Task input
———
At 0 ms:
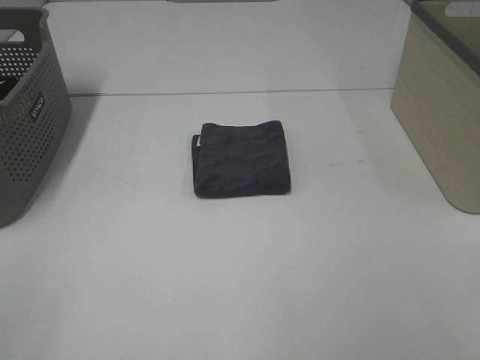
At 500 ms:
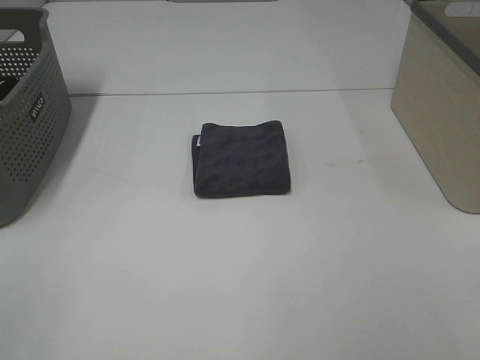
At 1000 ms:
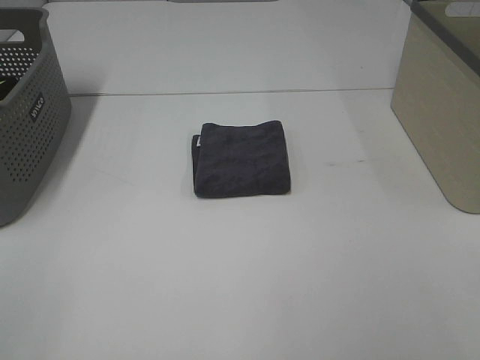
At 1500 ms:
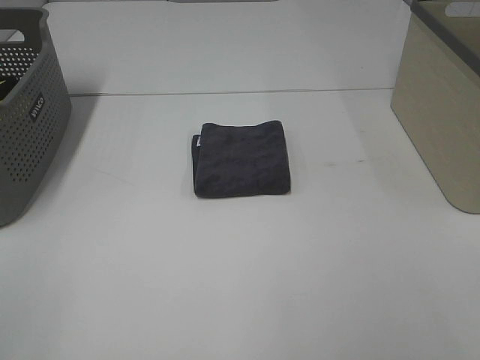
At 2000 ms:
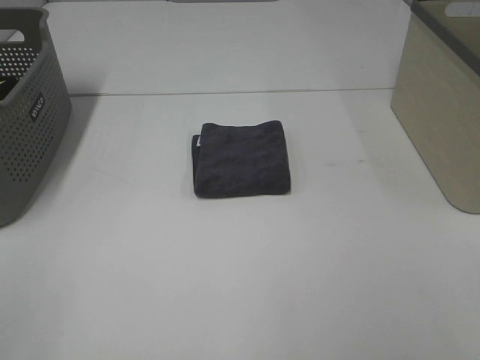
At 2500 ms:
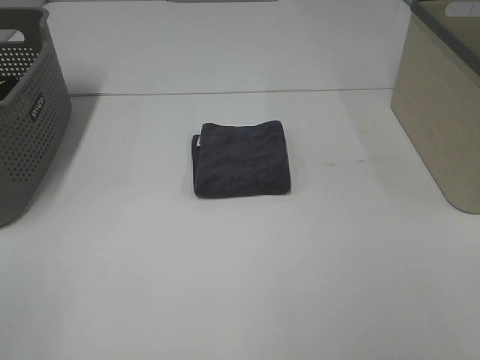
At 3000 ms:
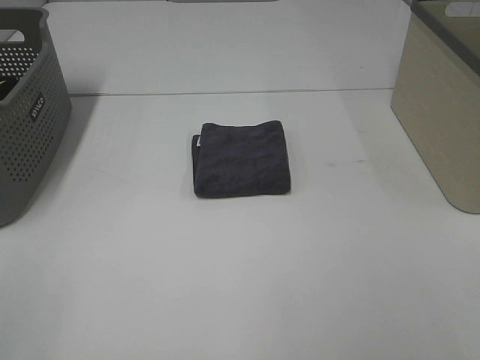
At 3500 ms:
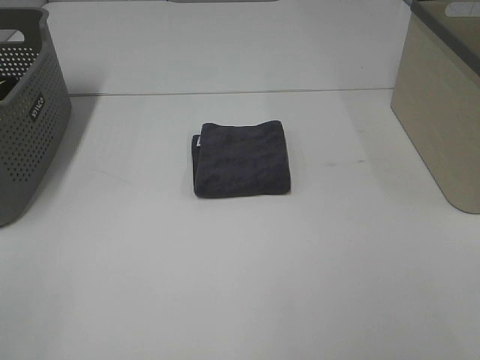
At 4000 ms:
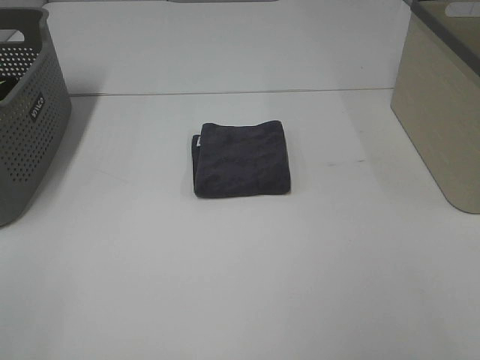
———
Instructions for the task
Transcribe each entry above without alteration, but keep the pictures out.

Task response
At 0 ms:
At 500 ms:
At 1000 ms:
At 1500 ms:
At 2000 ms:
At 2500 ms:
At 3000 ms:
At 3500 ms:
At 4000 ms:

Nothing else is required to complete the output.